OpenHermes 2.5 Mistral 7B AWQ
Property | Value |
---|---|
Model Size | 7B parameters (4-bit quantized) |
Architecture | Mistral |
License | Apache 2.0 |
Format | AWQ (4-bit precision) |
Authors | Base by Teknium, Quantized by TheBloke |
What is OpenHermes-2.5-Mistral-7B-AWQ?
OpenHermes 2.5 Mistral 7B AWQ is a quantized version of an advanced language model that combines the powerful Mistral architecture with extensive training on high-quality instruction data. This AWQ variant reduces the model size while maintaining performance, making it more accessible for deployment.
Implementation Details
The model uses the ChatML format for interactions and has been quantized using AWQ (Activation-aware Weight Quantization) to 4-bit precision, resulting in a significantly smaller file size while preserving model quality. It was trained on 1,000,000 entries of primarily GPT-4 generated data and other high-quality datasets.

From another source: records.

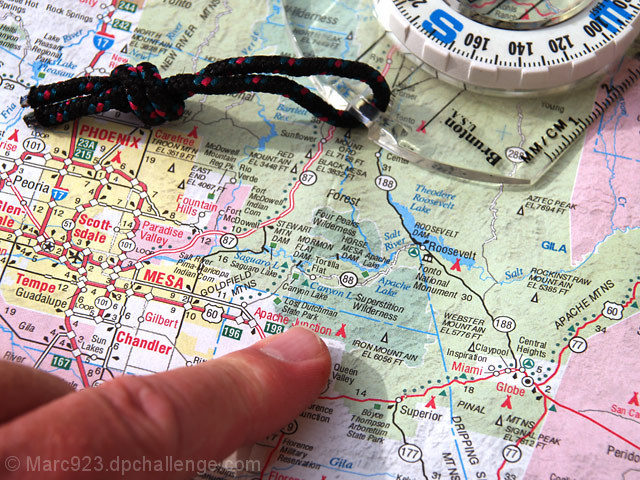Are the texture details of the main subject well preserved? Yes, the texture details of the map and the compass are well preserved, providing a clear and crisp representation of geographical information and the compass's intricate details, including its needle and degree markings. 
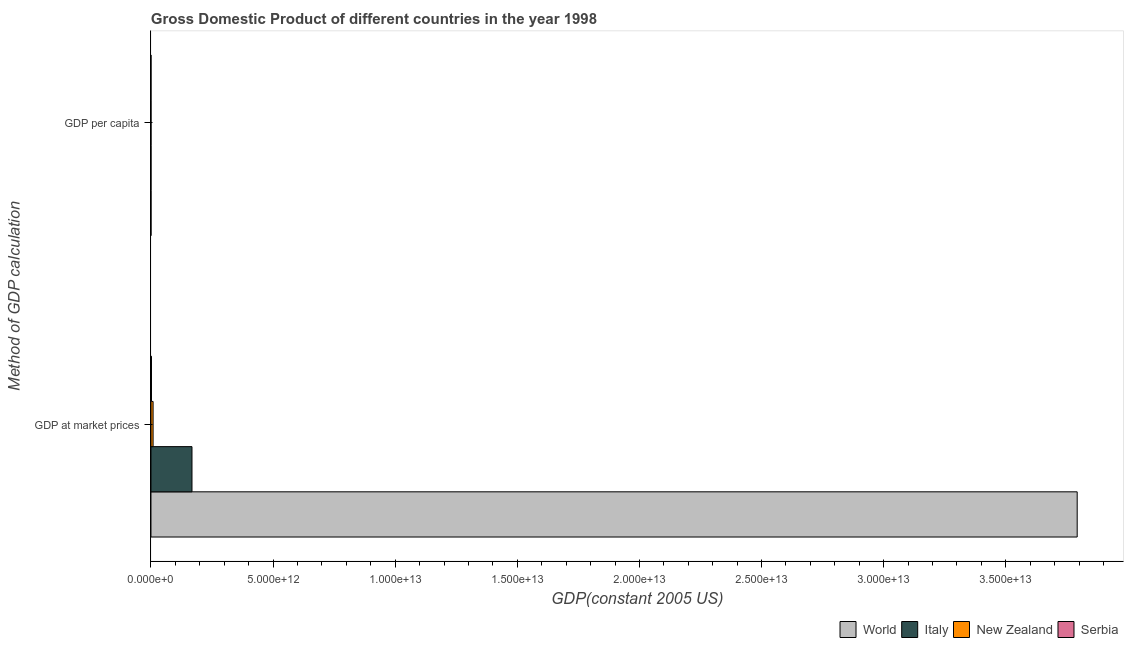How many groups of bars are there?
Provide a succinct answer. 2. Are the number of bars per tick equal to the number of legend labels?
Offer a very short reply. Yes. How many bars are there on the 2nd tick from the bottom?
Make the answer very short. 4. What is the label of the 2nd group of bars from the top?
Your response must be concise. GDP at market prices. What is the gdp per capita in World?
Offer a very short reply. 6369.29. Across all countries, what is the maximum gdp per capita?
Your answer should be compact. 2.95e+04. Across all countries, what is the minimum gdp at market prices?
Ensure brevity in your answer.  2.05e+1. In which country was the gdp per capita minimum?
Your answer should be compact. Serbia. What is the total gdp at market prices in the graph?
Provide a short and direct response. 3.97e+13. What is the difference between the gdp per capita in World and that in Italy?
Your response must be concise. -2.31e+04. What is the difference between the gdp at market prices in Serbia and the gdp per capita in World?
Provide a succinct answer. 2.05e+1. What is the average gdp at market prices per country?
Offer a very short reply. 9.93e+12. What is the difference between the gdp per capita and gdp at market prices in New Zealand?
Your response must be concise. -8.71e+1. In how many countries, is the gdp per capita greater than 2000000000000 US$?
Your answer should be compact. 0. What is the ratio of the gdp per capita in Serbia to that in New Zealand?
Give a very brief answer. 0.12. Is the gdp per capita in Serbia less than that in New Zealand?
Ensure brevity in your answer.  Yes. What does the 4th bar from the top in GDP per capita represents?
Give a very brief answer. World. What does the 4th bar from the bottom in GDP at market prices represents?
Your answer should be compact. Serbia. Are all the bars in the graph horizontal?
Provide a short and direct response. Yes. What is the difference between two consecutive major ticks on the X-axis?
Your response must be concise. 5.00e+12. How are the legend labels stacked?
Give a very brief answer. Horizontal. What is the title of the graph?
Offer a terse response. Gross Domestic Product of different countries in the year 1998. What is the label or title of the X-axis?
Offer a very short reply. GDP(constant 2005 US). What is the label or title of the Y-axis?
Offer a terse response. Method of GDP calculation. What is the GDP(constant 2005 US) of World in GDP at market prices?
Provide a short and direct response. 3.79e+13. What is the GDP(constant 2005 US) of Italy in GDP at market prices?
Give a very brief answer. 1.68e+12. What is the GDP(constant 2005 US) of New Zealand in GDP at market prices?
Ensure brevity in your answer.  8.71e+1. What is the GDP(constant 2005 US) of Serbia in GDP at market prices?
Give a very brief answer. 2.05e+1. What is the GDP(constant 2005 US) in World in GDP per capita?
Give a very brief answer. 6369.29. What is the GDP(constant 2005 US) in Italy in GDP per capita?
Provide a short and direct response. 2.95e+04. What is the GDP(constant 2005 US) in New Zealand in GDP per capita?
Your answer should be very brief. 2.28e+04. What is the GDP(constant 2005 US) of Serbia in GDP per capita?
Keep it short and to the point. 2711.28. Across all Method of GDP calculation, what is the maximum GDP(constant 2005 US) of World?
Your answer should be compact. 3.79e+13. Across all Method of GDP calculation, what is the maximum GDP(constant 2005 US) of Italy?
Provide a short and direct response. 1.68e+12. Across all Method of GDP calculation, what is the maximum GDP(constant 2005 US) of New Zealand?
Your answer should be very brief. 8.71e+1. Across all Method of GDP calculation, what is the maximum GDP(constant 2005 US) in Serbia?
Keep it short and to the point. 2.05e+1. Across all Method of GDP calculation, what is the minimum GDP(constant 2005 US) in World?
Make the answer very short. 6369.29. Across all Method of GDP calculation, what is the minimum GDP(constant 2005 US) in Italy?
Your answer should be compact. 2.95e+04. Across all Method of GDP calculation, what is the minimum GDP(constant 2005 US) in New Zealand?
Your answer should be compact. 2.28e+04. Across all Method of GDP calculation, what is the minimum GDP(constant 2005 US) in Serbia?
Keep it short and to the point. 2711.28. What is the total GDP(constant 2005 US) of World in the graph?
Keep it short and to the point. 3.79e+13. What is the total GDP(constant 2005 US) in Italy in the graph?
Provide a succinct answer. 1.68e+12. What is the total GDP(constant 2005 US) of New Zealand in the graph?
Your answer should be very brief. 8.71e+1. What is the total GDP(constant 2005 US) in Serbia in the graph?
Offer a very short reply. 2.05e+1. What is the difference between the GDP(constant 2005 US) in World in GDP at market prices and that in GDP per capita?
Provide a short and direct response. 3.79e+13. What is the difference between the GDP(constant 2005 US) of Italy in GDP at market prices and that in GDP per capita?
Make the answer very short. 1.68e+12. What is the difference between the GDP(constant 2005 US) in New Zealand in GDP at market prices and that in GDP per capita?
Offer a terse response. 8.71e+1. What is the difference between the GDP(constant 2005 US) in Serbia in GDP at market prices and that in GDP per capita?
Offer a very short reply. 2.05e+1. What is the difference between the GDP(constant 2005 US) of World in GDP at market prices and the GDP(constant 2005 US) of Italy in GDP per capita?
Your answer should be very brief. 3.79e+13. What is the difference between the GDP(constant 2005 US) in World in GDP at market prices and the GDP(constant 2005 US) in New Zealand in GDP per capita?
Your response must be concise. 3.79e+13. What is the difference between the GDP(constant 2005 US) in World in GDP at market prices and the GDP(constant 2005 US) in Serbia in GDP per capita?
Give a very brief answer. 3.79e+13. What is the difference between the GDP(constant 2005 US) in Italy in GDP at market prices and the GDP(constant 2005 US) in New Zealand in GDP per capita?
Give a very brief answer. 1.68e+12. What is the difference between the GDP(constant 2005 US) of Italy in GDP at market prices and the GDP(constant 2005 US) of Serbia in GDP per capita?
Your answer should be compact. 1.68e+12. What is the difference between the GDP(constant 2005 US) of New Zealand in GDP at market prices and the GDP(constant 2005 US) of Serbia in GDP per capita?
Ensure brevity in your answer.  8.71e+1. What is the average GDP(constant 2005 US) of World per Method of GDP calculation?
Offer a terse response. 1.90e+13. What is the average GDP(constant 2005 US) in Italy per Method of GDP calculation?
Keep it short and to the point. 8.40e+11. What is the average GDP(constant 2005 US) in New Zealand per Method of GDP calculation?
Offer a very short reply. 4.35e+1. What is the average GDP(constant 2005 US) in Serbia per Method of GDP calculation?
Keep it short and to the point. 1.03e+1. What is the difference between the GDP(constant 2005 US) of World and GDP(constant 2005 US) of Italy in GDP at market prices?
Offer a very short reply. 3.62e+13. What is the difference between the GDP(constant 2005 US) of World and GDP(constant 2005 US) of New Zealand in GDP at market prices?
Your response must be concise. 3.78e+13. What is the difference between the GDP(constant 2005 US) of World and GDP(constant 2005 US) of Serbia in GDP at market prices?
Your answer should be very brief. 3.79e+13. What is the difference between the GDP(constant 2005 US) of Italy and GDP(constant 2005 US) of New Zealand in GDP at market prices?
Provide a short and direct response. 1.59e+12. What is the difference between the GDP(constant 2005 US) in Italy and GDP(constant 2005 US) in Serbia in GDP at market prices?
Provide a succinct answer. 1.66e+12. What is the difference between the GDP(constant 2005 US) of New Zealand and GDP(constant 2005 US) of Serbia in GDP at market prices?
Your answer should be compact. 6.66e+1. What is the difference between the GDP(constant 2005 US) of World and GDP(constant 2005 US) of Italy in GDP per capita?
Provide a succinct answer. -2.31e+04. What is the difference between the GDP(constant 2005 US) in World and GDP(constant 2005 US) in New Zealand in GDP per capita?
Provide a succinct answer. -1.65e+04. What is the difference between the GDP(constant 2005 US) of World and GDP(constant 2005 US) of Serbia in GDP per capita?
Your answer should be compact. 3658.01. What is the difference between the GDP(constant 2005 US) in Italy and GDP(constant 2005 US) in New Zealand in GDP per capita?
Offer a very short reply. 6684.5. What is the difference between the GDP(constant 2005 US) of Italy and GDP(constant 2005 US) of Serbia in GDP per capita?
Keep it short and to the point. 2.68e+04. What is the difference between the GDP(constant 2005 US) of New Zealand and GDP(constant 2005 US) of Serbia in GDP per capita?
Your answer should be compact. 2.01e+04. What is the ratio of the GDP(constant 2005 US) of World in GDP at market prices to that in GDP per capita?
Provide a succinct answer. 5.95e+09. What is the ratio of the GDP(constant 2005 US) in Italy in GDP at market prices to that in GDP per capita?
Offer a very short reply. 5.69e+07. What is the ratio of the GDP(constant 2005 US) in New Zealand in GDP at market prices to that in GDP per capita?
Keep it short and to the point. 3.82e+06. What is the ratio of the GDP(constant 2005 US) in Serbia in GDP at market prices to that in GDP per capita?
Provide a short and direct response. 7.57e+06. What is the difference between the highest and the second highest GDP(constant 2005 US) in World?
Provide a succinct answer. 3.79e+13. What is the difference between the highest and the second highest GDP(constant 2005 US) in Italy?
Offer a very short reply. 1.68e+12. What is the difference between the highest and the second highest GDP(constant 2005 US) in New Zealand?
Make the answer very short. 8.71e+1. What is the difference between the highest and the second highest GDP(constant 2005 US) in Serbia?
Make the answer very short. 2.05e+1. What is the difference between the highest and the lowest GDP(constant 2005 US) in World?
Ensure brevity in your answer.  3.79e+13. What is the difference between the highest and the lowest GDP(constant 2005 US) of Italy?
Provide a succinct answer. 1.68e+12. What is the difference between the highest and the lowest GDP(constant 2005 US) in New Zealand?
Keep it short and to the point. 8.71e+1. What is the difference between the highest and the lowest GDP(constant 2005 US) in Serbia?
Your answer should be compact. 2.05e+1.

- Achieves 50.7% pass rate on HumanEval coding benchmarks
- Implements ChatML format for structured dialogue
- Supports system prompts for consistent behavior
- Compatible with text-generation-webui, vLLM, and Hugging Face's TGI
Core Capabilities
- Enhanced code understanding and generation
- Strong performance on reasoning benchmarks (73.12% on GPT4All)
- Improved truthfulness (53.04% on TruthfulQA)
- Efficient 4-bit quantized format for reduced memory usage
Frequently Asked Questions
Q: What makes this model unique?
This model uniquely combines Mistral's architecture with extensive instruction tuning and efficient quantization, offering a balance between performance and resource requirements. The inclusion of code-specific training has notably improved both coding and general reasoning capabilities.
Q: What are the recommended use cases?
The model excels at coding tasks, general dialogue, and reasoning problems. It's particularly suitable for deployment in resource-constrained environments thanks to its AWQ quantization, while maintaining strong performance across various tasks.